好家伙,原来那本书是他写的,看来他这个儿子,也一定是个坑蒙拐骗偷的行家。二金啧啧称奇。听闻当年张应俞能隔空取物,没有他弄不来的东西。他的儿子竟然在此处出现,曹继武提醒众人:以后碰见陌生人,要小心!
这号人物常常神出鬼没,金日乐忙问木长青:“那家伙长什么样子?”
当时他头上戴了一堆草,木长青没有看见,只知道他是尖下巴,不过他的浙南口音,却夹杂着闽北腔调。金日乐疑惑不解,看着曹继武。
曹继武想了一下,解释道:“张应俞是浙南人,后来受慈眉大师点化,金盆洗手,隐居在闽北一带。所以张一手的口音不难理解,不过,他们这一行,会说许多地方的话,以后我们还是小心些。”
金月生道:“我们回去,好好读读他老子的书,不怕治不了他。”
曹继武笑了:“书上的东西都是死的,坑蒙拐骗偷这些人,皆是机灵之辈,小心为妙。”
金日乐道:“咱们照着书上试试,至少可以熟悉熟悉。”
沈婷婷不屑道:“无耻的行径,你们也学?”
金月生道:“学学更好,咱们虽不黑别人,但也要防止别人黑咱们。”
沈婷婷和佟君兰二人,对坑蒙拐骗偷,很是不屑,二金却很感兴趣。双方争论了起来。
一个侍卫,忽然匆匆来到曹继武身前行礼道:“将军有请众位,请跟末将走一趟。”
众人连忙随他而去。见到佟国纲,佟君兰叫了声大哥,立即扑了上去。佟国纲抱紧佟君兰,甩了三圈,对佟君兰耳语一番。佟君兰脸显惊异之色。
佟国纲放下佟君兰,郑重地问道:“贤妹,你看怎么办?”
佟君兰斩钉截铁回道:“我死也要和继武哥哥在一起!”
妹妹的眼神极为坚定,佟国纲无奈摇头道:“你快走吧!”
佟国纲向身边侍卫一摆手,两个侍卫立即去了。佟君兰连忙走到曹继武身边,贴住耳朵,将佟国纲的话,告诉了曹继武。曹继武闻言,吃惊不小。
佟君兰抱住了曹继武的腰,一脸娇气:“继武哥哥,怎么办?”
曹继武仔细想了一下,安慰佟君兰道:“别怕,我有办法对付他。咱们立即回文竹坳,或许胡公公能帮上咱们的忙。”
此时佟国纲的手下,也将曹继武等人留在山下的马匹,全给牵来了。曹继武立即让众人上马。
众人个个莫名其妙,看他神经兮兮的样子,皆猜到有大事要发生,只得纷纷翻身上马。马匹不够,沈婷婷和佟君兰二人,皆要和曹继武同骑一匹马。众人大笑不止。

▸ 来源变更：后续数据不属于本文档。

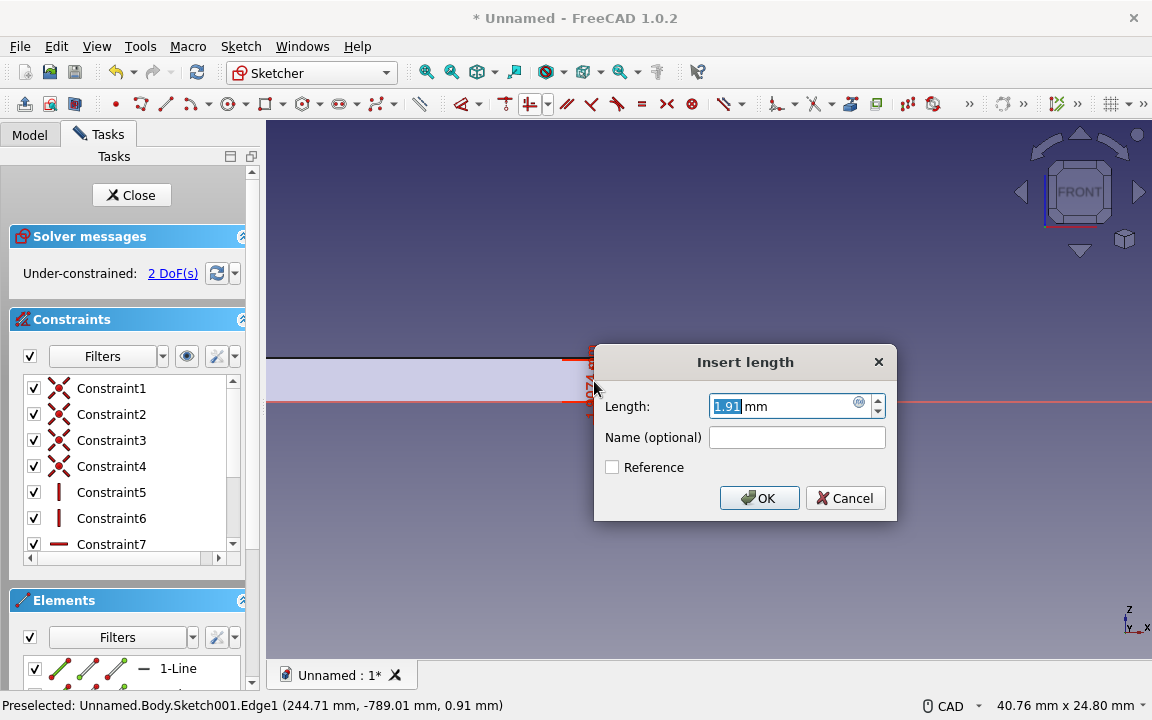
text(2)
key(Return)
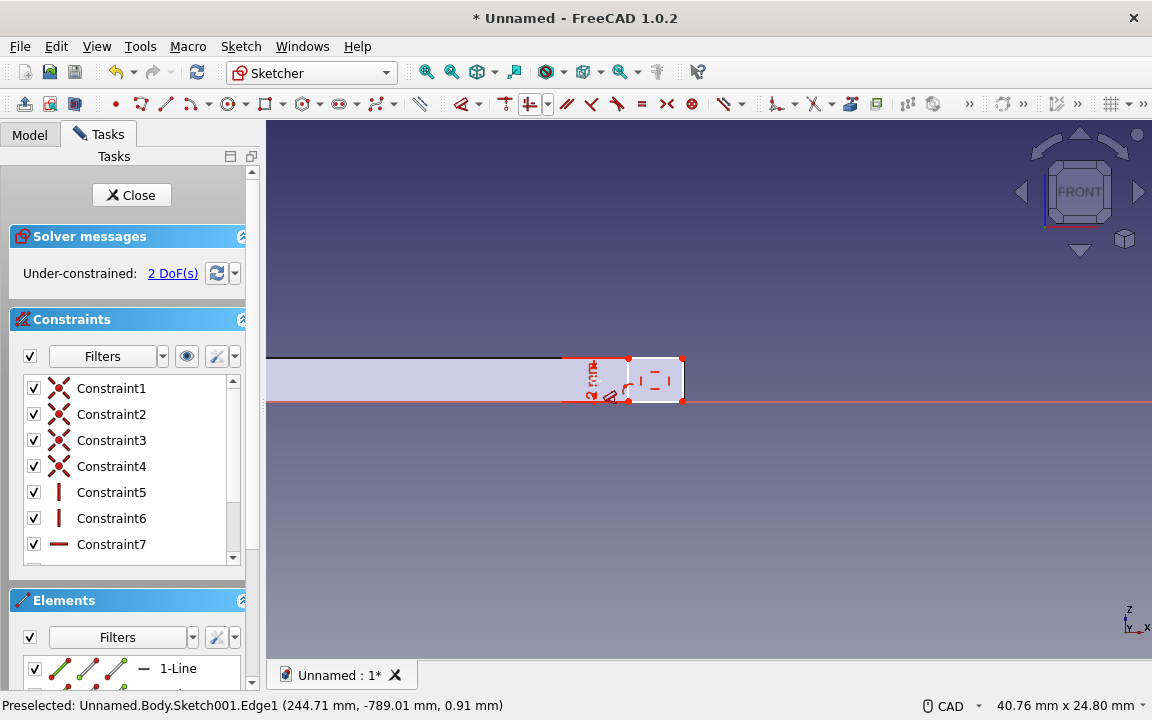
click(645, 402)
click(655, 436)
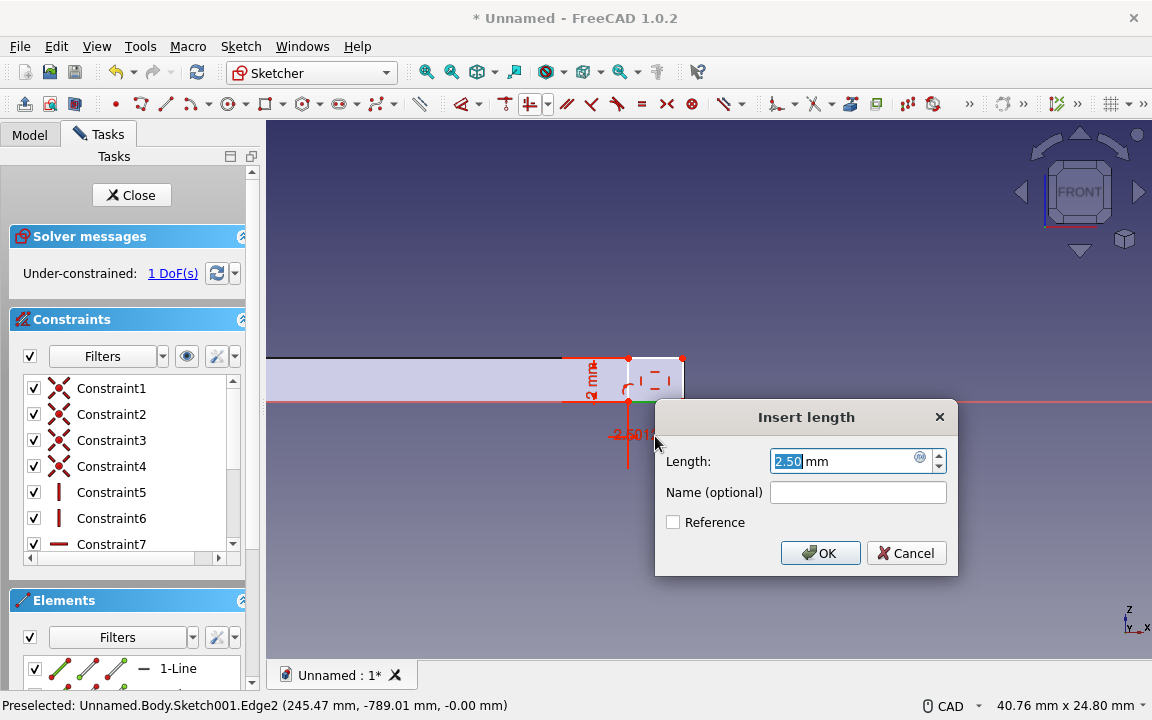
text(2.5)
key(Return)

曹继武无奈,眼望佟国纲求救。佟国纲叹了口气,立即让人送了两匹好马。将行之际,佟国纲忽然拉住佟君兰的马缰,一脸无奈:“大哥无能,帮不了你的忙!”
兄妹情深,佟君兰的眼泪,唰一下流了出来。
曹继武见状,对佟国纲道:“将军放心,有我在,兰儿不会有事。”
佟国纲瞠圆虎目,厉声教训道:“小心杀身之祸!”
曹继武笑了:“将军尽管放心,有胡公公在,我就有办法对付此人。”
佟国纲闻言,吃了一惊,低头想了想,忽然大喜,对佟君兰道:“事不宜迟,快走。”
“曹兄弟,请留步!”
毛金星和李世功二人,忽然骑马追来,大声呼喊曹继武。
佟国纲枪杆一戳马屁股,那马驮着佟君兰,飞也似的跑开。曹继武等人纷纷跟上,径往文竹坳跑去。众人刚出福清寺,满奇等人也来喊话。
曹继武回头对大家道:“加快速度,不要理他们!”
众人闻言,皆扬鞭策马,飞也似的跑去。毛金星等人追了一程,见赶不上,只得放弃了。
追兵退去,金日乐急忙策马赶上曹继武,大叫:“大师兄,发生了什么事?”
“回去再说。”
曹继武大声回答,催马快行。
大约过了一个多时辰,众人终于赶回了文竹坳。曹继武吩咐李文章等人,让他们好好休息,明天无论发生什么事,都不要随便出来,更不可轻举妄动。众人担心,但曹继武不便明说,他们只得纷纷答应下来,回屋睡觉。
等安抚了佟君兰和沈婷婷,三兄弟也回了屋。曹继武将佟国纲的话,告诉了二金,二金大惊失色。
曹继武吩咐二金,到时不要多说话,由他来应付,二金连连答应下来。